[Records from a data collection]
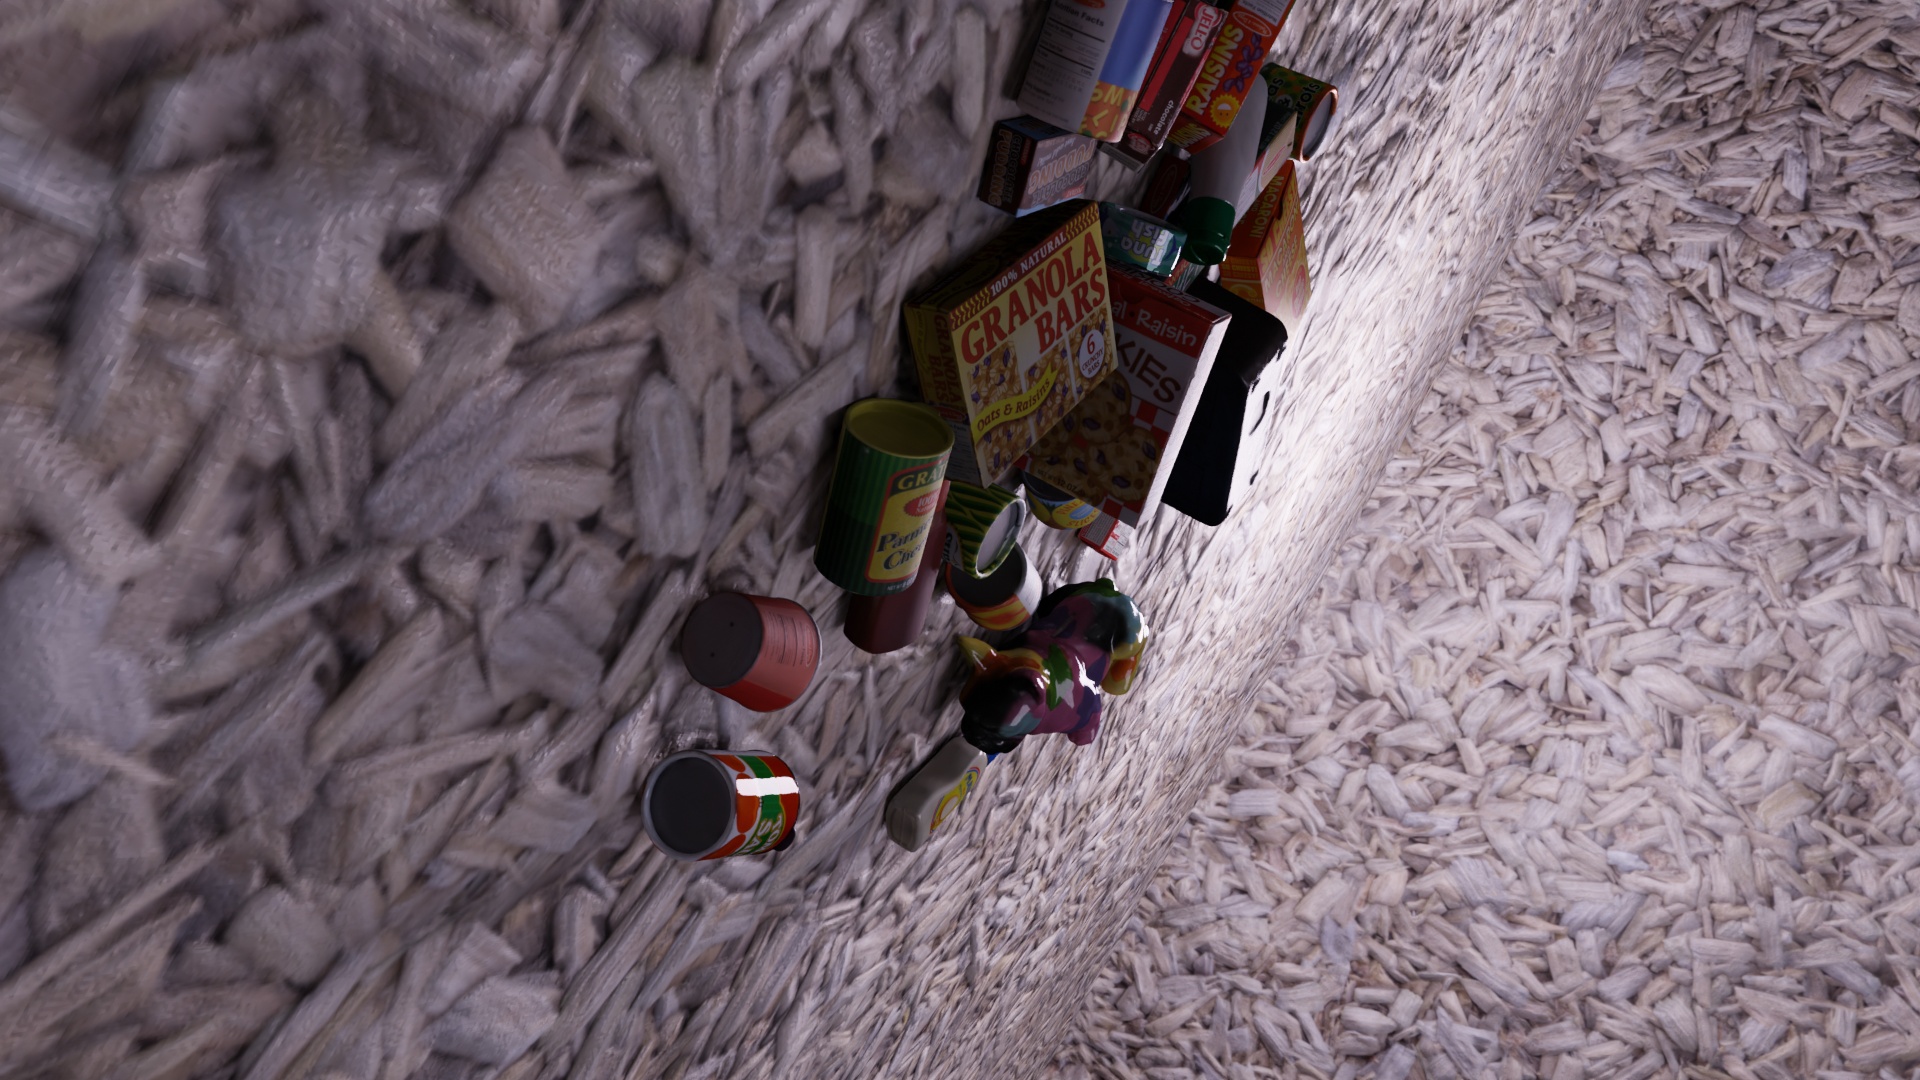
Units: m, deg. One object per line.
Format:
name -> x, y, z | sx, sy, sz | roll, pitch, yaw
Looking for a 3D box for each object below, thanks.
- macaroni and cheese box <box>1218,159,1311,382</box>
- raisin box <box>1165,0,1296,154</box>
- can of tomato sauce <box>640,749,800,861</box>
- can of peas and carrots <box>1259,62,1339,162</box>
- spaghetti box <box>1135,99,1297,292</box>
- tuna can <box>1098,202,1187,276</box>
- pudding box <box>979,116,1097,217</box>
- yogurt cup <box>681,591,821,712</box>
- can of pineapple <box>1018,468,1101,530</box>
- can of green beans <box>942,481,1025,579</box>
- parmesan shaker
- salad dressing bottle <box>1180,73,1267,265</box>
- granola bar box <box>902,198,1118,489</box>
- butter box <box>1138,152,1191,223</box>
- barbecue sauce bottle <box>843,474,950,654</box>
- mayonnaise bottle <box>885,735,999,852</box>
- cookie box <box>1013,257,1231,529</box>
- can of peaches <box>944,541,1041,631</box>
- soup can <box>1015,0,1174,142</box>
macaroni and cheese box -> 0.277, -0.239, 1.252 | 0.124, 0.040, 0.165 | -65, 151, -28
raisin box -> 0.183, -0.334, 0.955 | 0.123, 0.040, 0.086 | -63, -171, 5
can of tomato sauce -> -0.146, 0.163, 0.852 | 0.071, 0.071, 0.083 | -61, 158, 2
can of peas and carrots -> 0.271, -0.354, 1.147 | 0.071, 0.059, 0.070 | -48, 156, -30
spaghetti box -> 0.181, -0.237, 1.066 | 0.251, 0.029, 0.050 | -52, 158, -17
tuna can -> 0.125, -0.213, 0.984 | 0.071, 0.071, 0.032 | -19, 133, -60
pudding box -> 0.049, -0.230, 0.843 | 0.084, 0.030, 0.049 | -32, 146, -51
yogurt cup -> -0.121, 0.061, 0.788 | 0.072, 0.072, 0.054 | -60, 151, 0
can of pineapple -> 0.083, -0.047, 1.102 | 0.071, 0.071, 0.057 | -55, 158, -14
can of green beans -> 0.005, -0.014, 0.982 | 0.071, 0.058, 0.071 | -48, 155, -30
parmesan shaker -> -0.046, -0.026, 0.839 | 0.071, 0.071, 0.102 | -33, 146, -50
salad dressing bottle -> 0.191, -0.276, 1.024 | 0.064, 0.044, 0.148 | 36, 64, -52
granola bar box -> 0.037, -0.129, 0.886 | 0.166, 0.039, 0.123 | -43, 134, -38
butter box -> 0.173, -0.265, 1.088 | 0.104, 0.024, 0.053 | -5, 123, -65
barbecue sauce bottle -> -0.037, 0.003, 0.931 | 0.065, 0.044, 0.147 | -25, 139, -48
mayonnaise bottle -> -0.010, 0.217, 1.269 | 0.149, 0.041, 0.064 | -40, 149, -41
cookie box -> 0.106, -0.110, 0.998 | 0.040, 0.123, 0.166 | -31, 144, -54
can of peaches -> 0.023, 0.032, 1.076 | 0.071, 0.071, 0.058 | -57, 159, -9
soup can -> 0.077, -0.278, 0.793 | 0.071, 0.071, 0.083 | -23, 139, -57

• HOW TO COMPLETE THIS TASK:
In the entries above, find lines with "object" and copy each.

• OUTPUT:
Units: m, deg. One object per line.
Looking for a 3D box for each object below, thanks.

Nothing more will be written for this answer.